▸ **EXTRACTED INFORMATION**:
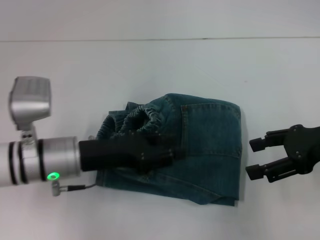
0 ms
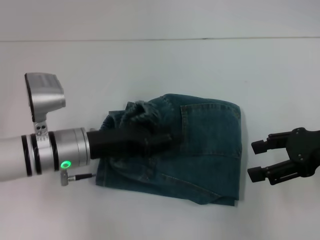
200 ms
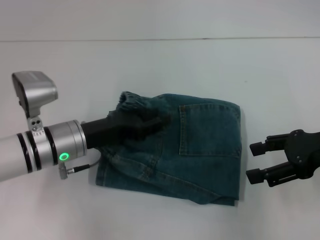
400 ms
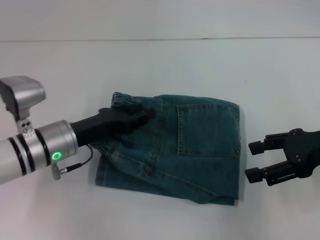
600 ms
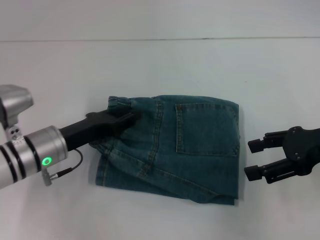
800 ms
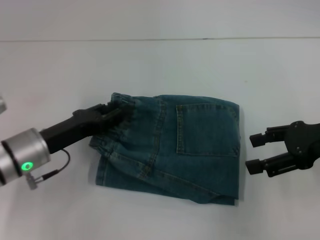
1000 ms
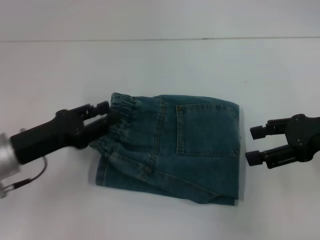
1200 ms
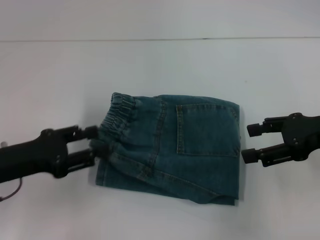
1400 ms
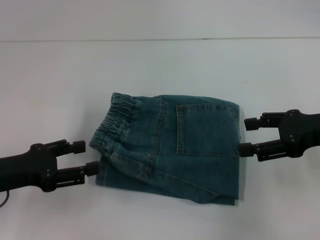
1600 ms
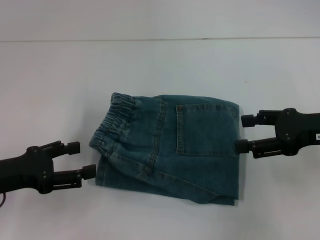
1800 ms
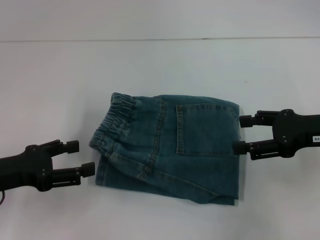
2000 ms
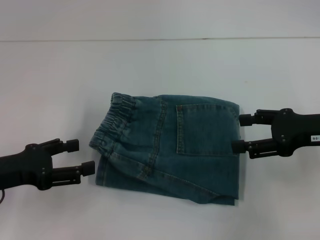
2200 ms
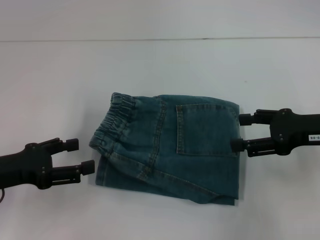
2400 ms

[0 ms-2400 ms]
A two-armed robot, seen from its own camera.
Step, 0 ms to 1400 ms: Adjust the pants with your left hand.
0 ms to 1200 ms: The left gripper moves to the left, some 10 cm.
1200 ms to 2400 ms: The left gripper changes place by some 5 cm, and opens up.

▸ **WHAT IS EXPECTED**:
Verbatim repeat, images removed: give each entry again exactly as it reads.

▸ **TASK RESULT**:
0 ms
200 ms
400 ms
600 ms
800 ms
1000 ms
1200 ms
1400 ms
1600 ms
1800 ms
2000 ms
2200 ms
2400 ms

[0 ms-2400 ms]
A two-armed robot, seen from its own camera.
Step, 0 ms to 1400 ms: Adjust the pants with your left hand.
0 ms to 1200 ms: The left gripper moves to the left, some 10 cm.
1200 ms to 2400 ms: The left gripper changes place by some 5 cm, and opens up.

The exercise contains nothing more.